Paper No. 6
Presentation Time: 3:35 PM
HETEROGENEOUS WRENCH-DOMINATED TRANSPRESSION IN THE DEEP CRUST RECORDED BY THE BURNSVILLE FAULT AND RELATED STRUCTURES, BLUE RIDGE, NORTH CAROLINA: IMPLICATIONS FOR THE ACADIAN OROGENY IN THE SOUTHERN APPALACHIANS
The Burnsville fault juxtaposes Precambrian Laurentian crust and the Ashe Metamorphic Suite (AMS) within the Fries thrust sheet of the Blue Ridge thrust complex of western North Carolina. The Burnsville Fault and adjacent AMS accommodated high strain at amphibolite facies (~700°C and ~9 kb) during the Acadian orogeny and then were tilted southeast during Alleghanian thrusting. Deformation resulted in three kilometer-scale structural domains: the Burnsville Fault dextral strike-slip domain, the transitional domain, and the Otter Knobs domain. Structures recording the orientation of the finite flattening plane in the three domains are subparallel; those southeast of the Burnsville Fault shear zone are rotated counterclockwise by ~10-15° consistent with dextral shear.

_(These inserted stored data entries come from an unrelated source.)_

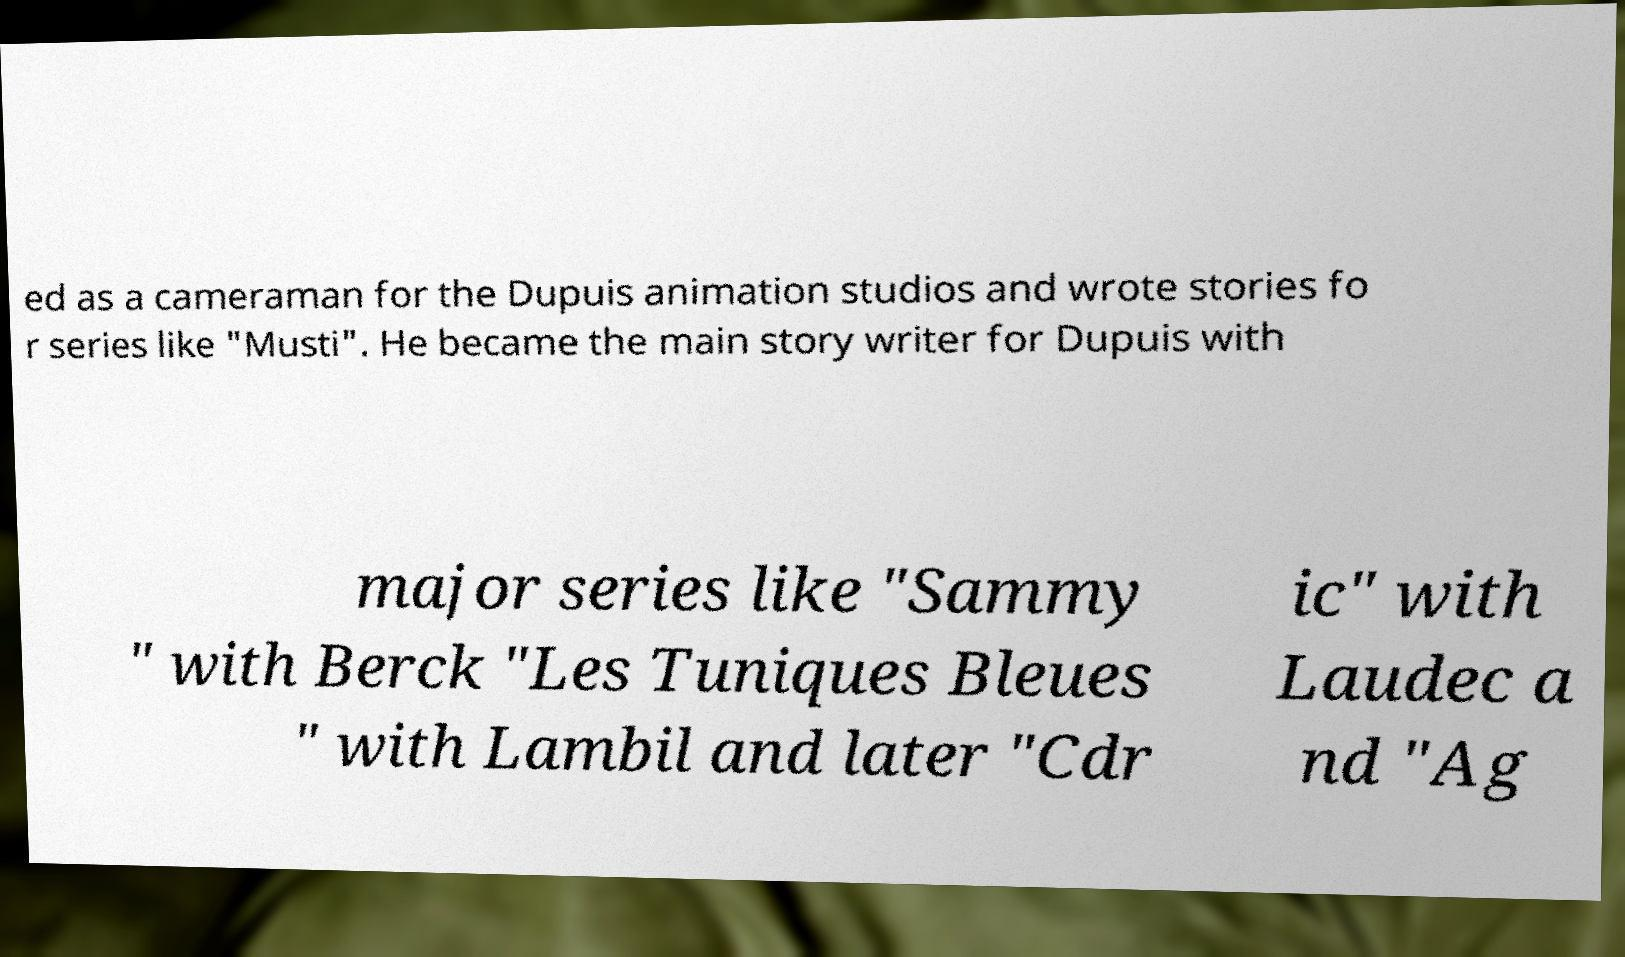Can you accurately transcribe the text from the provided image for me? ed as a cameraman for the Dupuis animation studios and wrote stories fo r series like "Musti". He became the main story writer for Dupuis with major series like "Sammy " with Berck "Les Tuniques Bleues " with Lambil and later "Cdr ic" with Laudec a nd "Ag 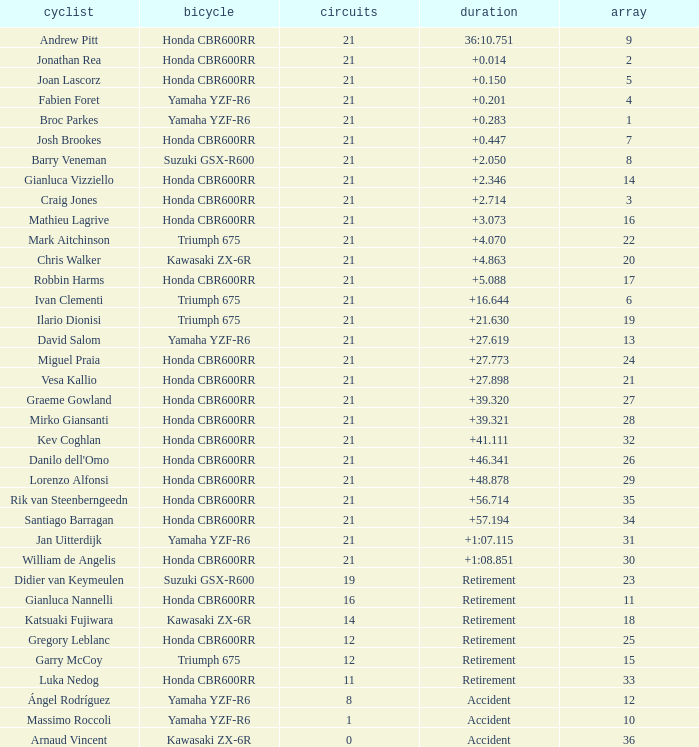What is the most number of laps run by Ilario Dionisi? 21.0. 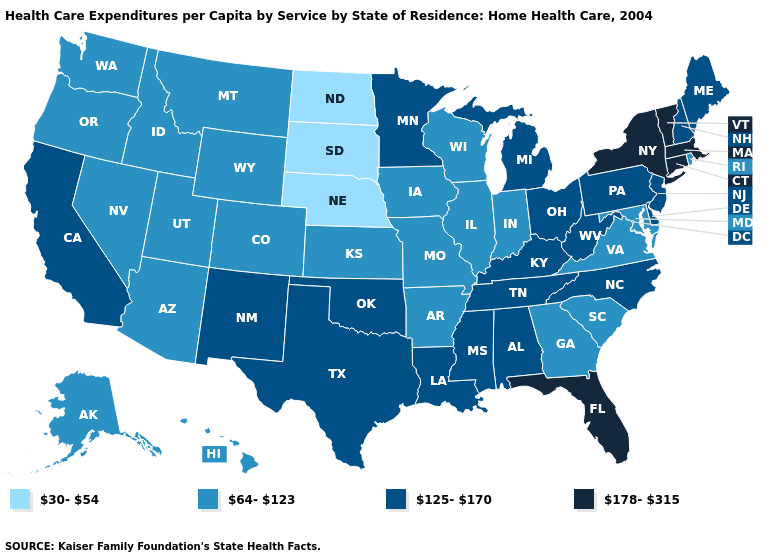What is the lowest value in states that border Connecticut?
Answer briefly. 64-123. Does North Dakota have the same value as Tennessee?
Give a very brief answer. No. Name the states that have a value in the range 30-54?
Quick response, please. Nebraska, North Dakota, South Dakota. What is the value of Oregon?
Concise answer only. 64-123. Name the states that have a value in the range 178-315?
Write a very short answer. Connecticut, Florida, Massachusetts, New York, Vermont. What is the lowest value in the USA?
Give a very brief answer. 30-54. Which states have the lowest value in the Northeast?
Concise answer only. Rhode Island. What is the value of Iowa?
Answer briefly. 64-123. Is the legend a continuous bar?
Give a very brief answer. No. What is the highest value in states that border West Virginia?
Give a very brief answer. 125-170. Does Vermont have the lowest value in the USA?
Keep it brief. No. What is the value of Maryland?
Write a very short answer. 64-123. What is the value of Texas?
Write a very short answer. 125-170. What is the value of Michigan?
Answer briefly. 125-170. What is the highest value in the USA?
Quick response, please. 178-315. 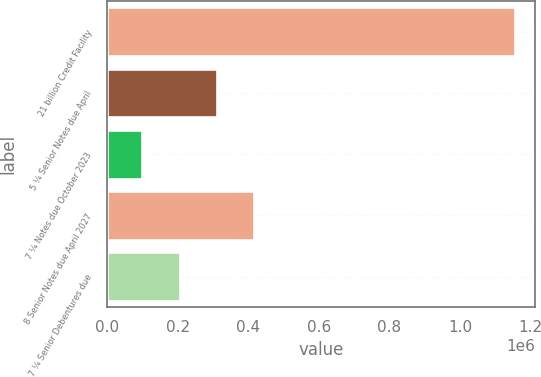Convert chart. <chart><loc_0><loc_0><loc_500><loc_500><bar_chart><fcel>21 billion Credit Facility<fcel>5 ¼ Senior Notes due April<fcel>7 ¼ Notes due October 2023<fcel>8 Senior Notes due April 2027<fcel>7 ¼ Senior Debentures due<nl><fcel>1.155e+06<fcel>311000<fcel>100000<fcel>416500<fcel>205500<nl></chart> 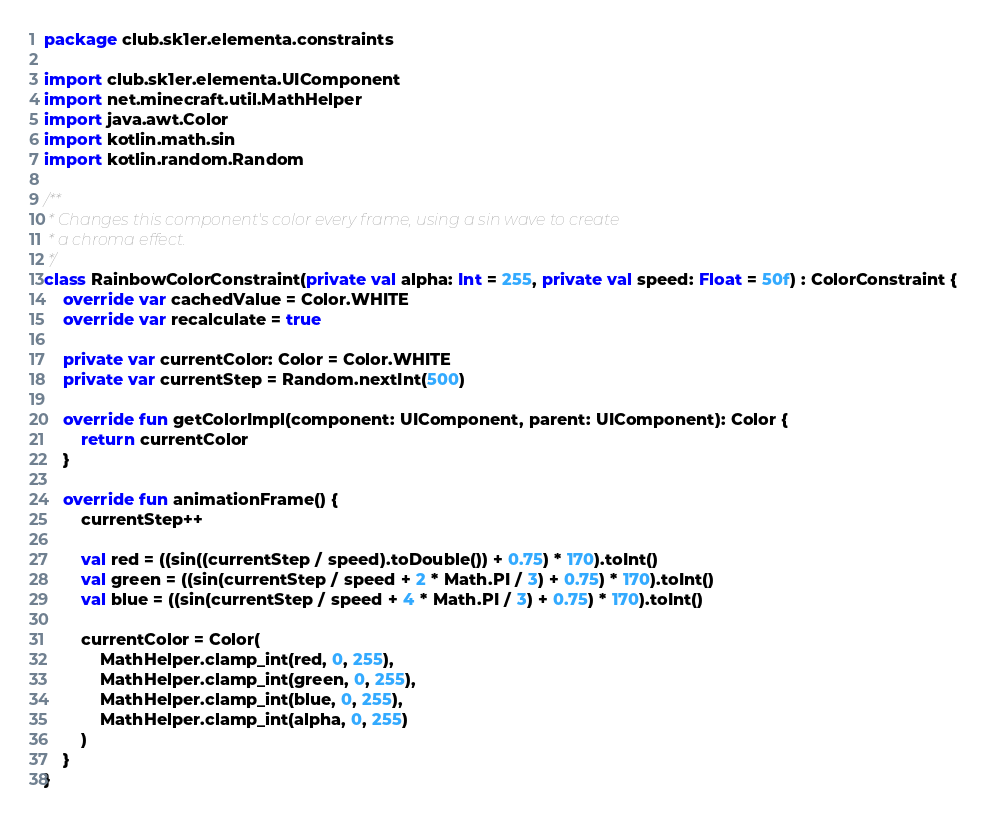Convert code to text. <code><loc_0><loc_0><loc_500><loc_500><_Kotlin_>package club.sk1er.elementa.constraints

import club.sk1er.elementa.UIComponent
import net.minecraft.util.MathHelper
import java.awt.Color
import kotlin.math.sin
import kotlin.random.Random

/**
 * Changes this component's color every frame, using a sin wave to create
 * a chroma effect.
 */
class RainbowColorConstraint(private val alpha: Int = 255, private val speed: Float = 50f) : ColorConstraint {
    override var cachedValue = Color.WHITE
    override var recalculate = true

    private var currentColor: Color = Color.WHITE
    private var currentStep = Random.nextInt(500)

    override fun getColorImpl(component: UIComponent, parent: UIComponent): Color {
        return currentColor
    }

    override fun animationFrame() {
        currentStep++

        val red = ((sin((currentStep / speed).toDouble()) + 0.75) * 170).toInt()
        val green = ((sin(currentStep / speed + 2 * Math.PI / 3) + 0.75) * 170).toInt()
        val blue = ((sin(currentStep / speed + 4 * Math.PI / 3) + 0.75) * 170).toInt()

        currentColor = Color(
            MathHelper.clamp_int(red, 0, 255),
            MathHelper.clamp_int(green, 0, 255),
            MathHelper.clamp_int(blue, 0, 255),
            MathHelper.clamp_int(alpha, 0, 255)
        )
    }
}</code>

Across strike from the Burnsville Fault shear zone into the transitional domain, shear sense indicators become scarce, fabric grades to S>L, and lineations change from sub-horizontal to down-dip. Across strike into the Otter Knobs domain, lineations grade to moderately southwest-plunging and the orientation distribution of poles to foliation indicate moderately southwest-plunging folding. The macroscale Otter Knobs fold, a tight-to-isoclinal synform whose hinge line, associated lineations, and minor fold hinges plunge moderately southwest, is interpreted to represent this structural element. No evidence of oblique or reverse shear is observed in these domains. The across-strike changes between these domains are consistent with heterogeneous wrench-dominated (10-20° from the plate boundary) transpression. Changes across strike from the Otter Knobs domain into the transitional domain record part of the deformation path for a zone with an effective convergence angle of 14-18°, including the rotation of structures recording the maximum incremental stretch from subhorizontal towards down-dip.